When you have a hammer, everything looks like a nail. You don't have to use regex. A simple state machine will do (assuming anything inside <> is a HTML tag ).

# pos - current position in a string
# q1,q2 - opening and closing quotes position
s = ' How to transform "ordinary quotes" to «Guillemets» and " more <div><a href="link" target="_blank">some "bad" link</a>'
sl = list(s)
q1, q2 = 0, 0
pos = 0
while 1:
    tag_open = s.find('<', pos)
    q1 = s.find('"', pos)
    if q1 < 0:
        break   # no more quotation marks
    elif tag_open >= 0 and q1 > tag_open:
        pos = s.find('>', tag_open)     # tag close
    elif (tag_open >= 0 and q1 < tag_open) or tag_open < 0:
        q2 = s.find('"', q1 + 1)
        if q2 > 0 and (tag_open < 0 or q2 < tag_open):
            sl[q1] = '«'
            sl[q2] = '»'
            s = ''.join(sl)
            pos = q2
        else:
            pos = q1 + 1
print(s)

explanation:

 Scan your string, 
   If not inside tag, 
       find first and second quotation marks,
       replace accordingly, 
       continue scanning from the second quotation marks 
   Else
       continue to end of tag
igrinis
  • 12,398
  • 20
  • 45
-1

This works for me:

res = re.sub('(?:"([^>]*)")(?!>)', '«\g<1>»', content)

From the docs:

In addition to character escapes and backreferences as described above, \g will use the substring matched by the group named name, as defined by the (?P...) syntax. \g uses the corresponding group number; \g<2> is therefore equivalent to \2, but isn’t ambiguous in a replacement such as \g<2>0. \20 would be interpreted as a reference to group 20, not a reference to group 2 followed by the literal character '0'. The backreference \g<0> substitutes in the entire substring matched by the RE.

Merig
  • 1,751
  • 2
  • 13
  • 18
  • 1
    [It won't work for tags with two or more attributes](https://regex101.com/r/XDgH4W/2). No need to use `\g<1>` as `\1` is enough with a raw string literal. – Wiktor Stribiżew Apr 07 '19 at 08:07
-1

Are you willing to do this in three passes: [a] swap out the quotes inside HTML; [b] swap remaining quotes for guillemets; [c] restore the quotes inside HTML?

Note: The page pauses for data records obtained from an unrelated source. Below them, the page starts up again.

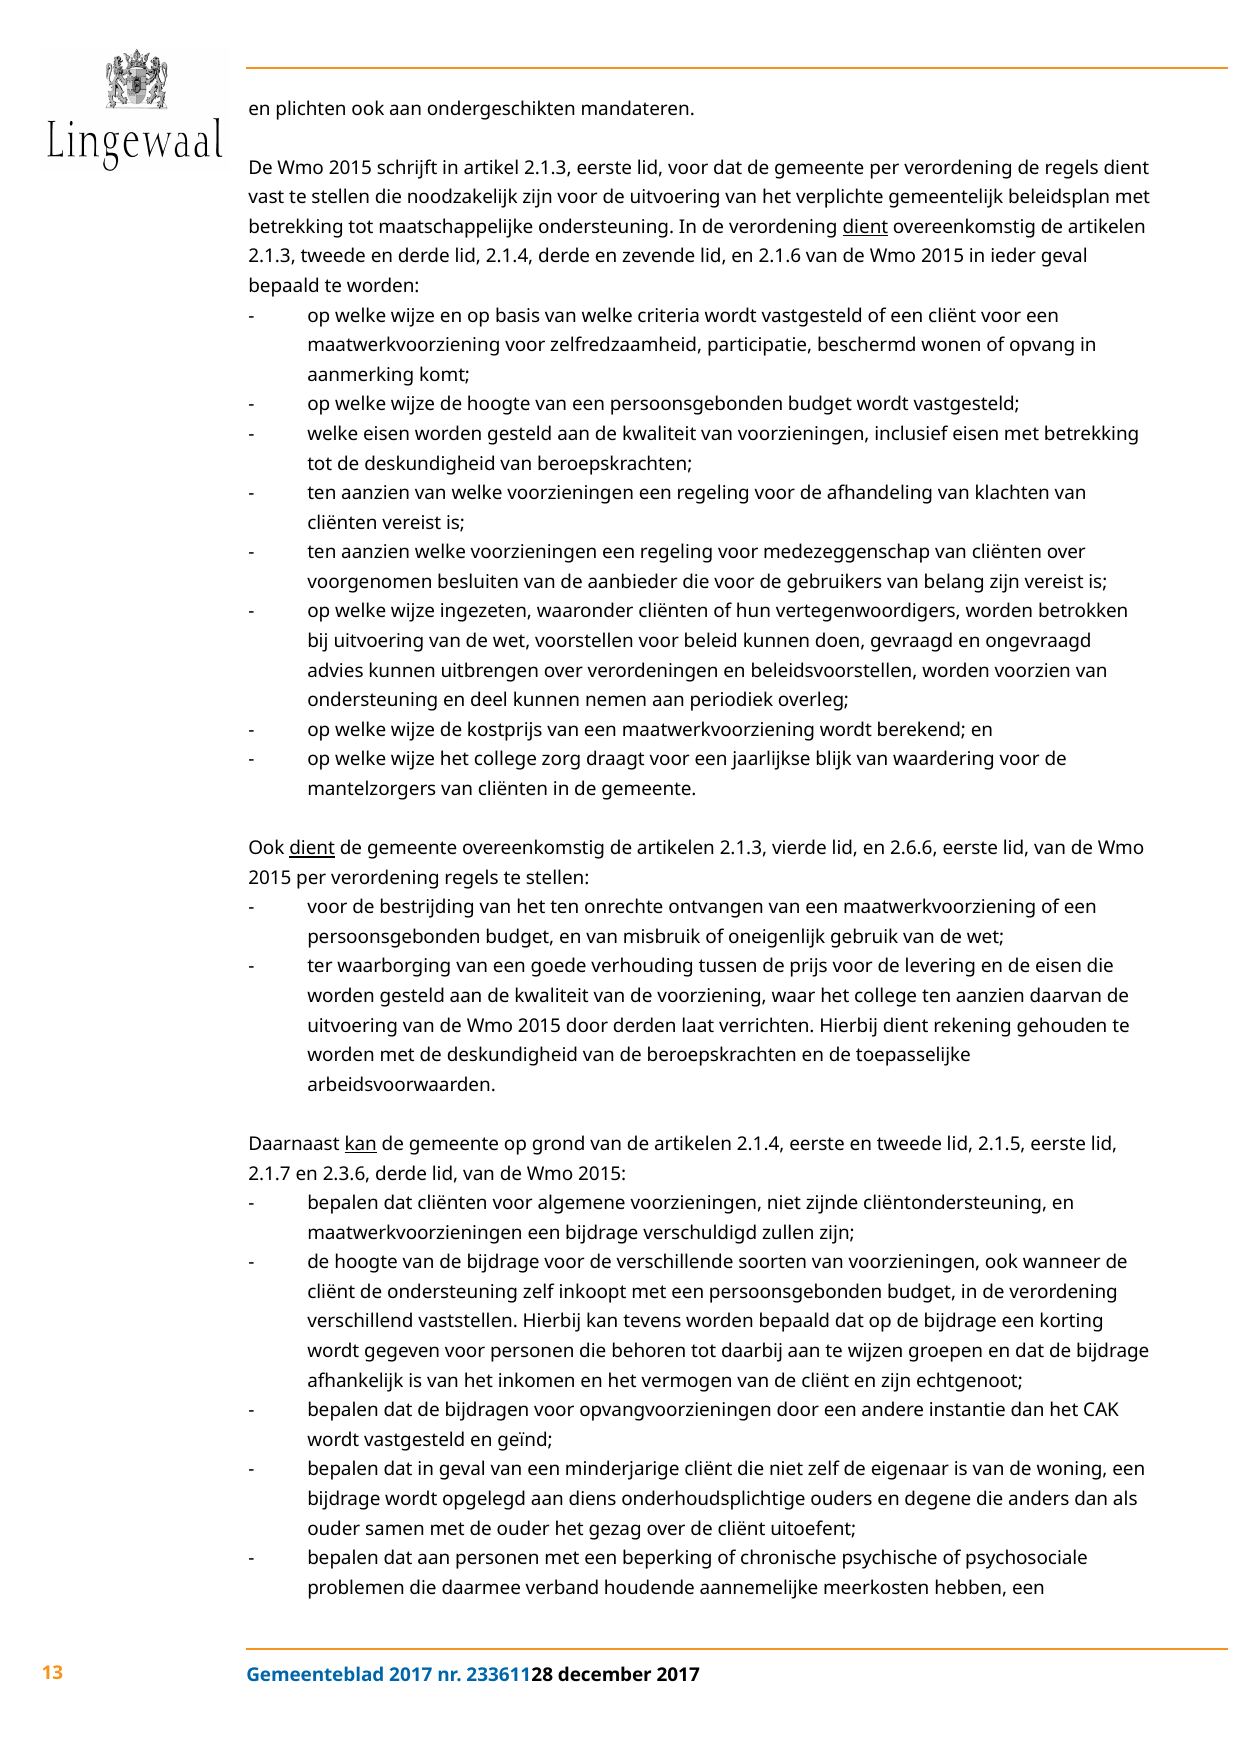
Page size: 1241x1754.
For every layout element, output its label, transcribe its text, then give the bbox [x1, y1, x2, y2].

list op welke wijze en op basis van welke criteria wordt vastgesteld of een cliënt voor een maatwerkvoorziening voor zelfredzaamheid, participatie, beschermd wonen of opvang in aanmerking komt; [248, 302, 1152, 387]
text Daarnaast kan de gemeente op grond van de artikelen 2.1.4, eerste en tweede lid, 2.1.5, eerste lid, 2.1.7 en 2.3.6, derde lid, van de Wmo 2015: [248, 1130, 1152, 1186]
picture [41, 47, 231, 172]
list bepalen dat de bijdragen voor opvangvoorzieningen door een andere instantie dan het CAK wordt vastgesteld en geïnd; [248, 1396, 1152, 1452]
list bepalen dat aan personen met een beperking of chronische psychische of psychosociale problemen die daarmee verband houdende aannemelijke meerkosten hebben, een [248, 1544, 1152, 1600]
list ter waarborging van een goede verhouding tussen de prijs voor de levering en de eisen die worden gesteld aan de kwaliteit van de voorziening, waar het college ten aanzien daarvan de uitvoering van de Wmo 2015 door derden laat verrichten. Hierbij dient rekening gehouden te worden met de deskundigheid van de beroepskrachten en de toepasselijke arbeidsvoorwaarden. [248, 953, 1152, 1097]
list op welke wijze ingezeten, waaronder cliënten of hun vertegenwoordigers, worden betrokken bij uitvoering van de wet, voorstellen voor beleid kunnen doen, gevraagd en ongevraagd advies kunnen uitbrengen over verordeningen en beleidsvoorstellen, worden voorzien van ondersteuning en deel kunnen nemen aan periodiek overleg; [248, 598, 1152, 712]
list voor de bestrijding van het ten onrechte ontvangen van een maatwerkvoorziening of een persoonsgebonden budget, en van misbruik of oneigenlijk gebruik van de wet; [248, 893, 1152, 949]
list ten aanzien van welke voorzieningen een regeling voor de afhandeling van klachten van cliënten vereist is; [248, 479, 1152, 535]
list op welke wijze het college zorg draagt voor een jaarlijkse blijk van waardering voor de mantelzorgers van cliënten in de gemeente. [248, 746, 1152, 801]
list bepalen dat in geval van een minderjarige cliënt die niet zelf de eigenaar is van de woning, een bijdrage wordt opgelegd aan diens onderhoudsplichtige ouders en degene die anders dan als ouder samen met de ouder het gezag over de cliënt uitoefent; [248, 1456, 1152, 1541]
list welke eisen worden gesteld aan de kwaliteit van voorzieningen, inclusief eisen met betrekking tot de deskundigheid van beroepskrachten; [248, 420, 1152, 476]
list de hoogte van de bijdrage voor de verschillende soorten van voorzieningen, ook wanneer de cliënt de ondersteuning zelf inkoopt met een persoonsgebonden budget, in de verordening verschillend vaststellen. Hierbij kan tevens worden bepaald dat op de bijdrage een korting wordt gegeven voor personen die behoren tot daarbij aan te wijzen groepen en dat de bijdrage afhankelijk is van het inkomen en het vermogen van de cliënt en zijn echtgenoot; [248, 1248, 1152, 1393]
list op welke wijze de kostprijs van een maatwerkvoorziening wordt berekend; en [248, 716, 1152, 742]
text De Wmo 2015 schrijft in artikel 2.1.3, eerste lid, voor dat de gemeente per verordening de regels dient vast te stellen die noodzakelijk zijn voor de uitvoering van het verplichte gemeentelijk beleidsplan met betrekking tot maatschappelijke ondersteuning. In de verordening dient overeenkomstig de artikelen 2.1.3, tweede en derde lid, 2.1.4, derde en zevende lid, en 2.1.6 van de Wmo 2015 in ieder geval bepaald te worden: [248, 154, 1152, 298]
text en plichten ook aan ondergeschikten mandateren. [248, 95, 1152, 121]
list op welke wijze de hoogte van een persoonsgebonden budget wordt vastgesteld; [248, 391, 1152, 416]
text Ook dient de gemeente overeenkomstig de artikelen 2.1.3, vierde lid, en 2.6.6, eerste lid, van de Wmo 2015 per verordening regels te stellen: [248, 834, 1152, 890]
list bepalen dat cliënten voor algemene voorzieningen, niet zijnde cliëntondersteuning, en maatwerkvoorzieningen een bijdrage verschuldigd zullen zijn; [248, 1189, 1152, 1245]
list ten aanzien welke voorzieningen een regeling voor medezeggenschap van cliënten over voorgenomen besluiten van de aanbieder die voor de gebruikers van belang zijn vereist is; [248, 538, 1152, 594]

Remember that lookaheads are costly before complaining about the speed of this.

[a] first = re.sub(r'<.*?>', lambda x: re.sub(r'"', '', x.group(0)), content)
[b] second = re.sub(r'"(.*?)"', r'«\1»', first)
[c] third = re.sub(r'', '"', second)

Re Louis's comment:

first = re.sub(r'<.*?>', lambda x: re.sub(r'"', 'WILLSWAPSOON', x.group(0)), content)

There are scenenarios where the above strategy will work. Maybe OP is working within one of them. Otherwise, if all of this fussing is too much, OP can head over to BeautifulSoup and start playing with it...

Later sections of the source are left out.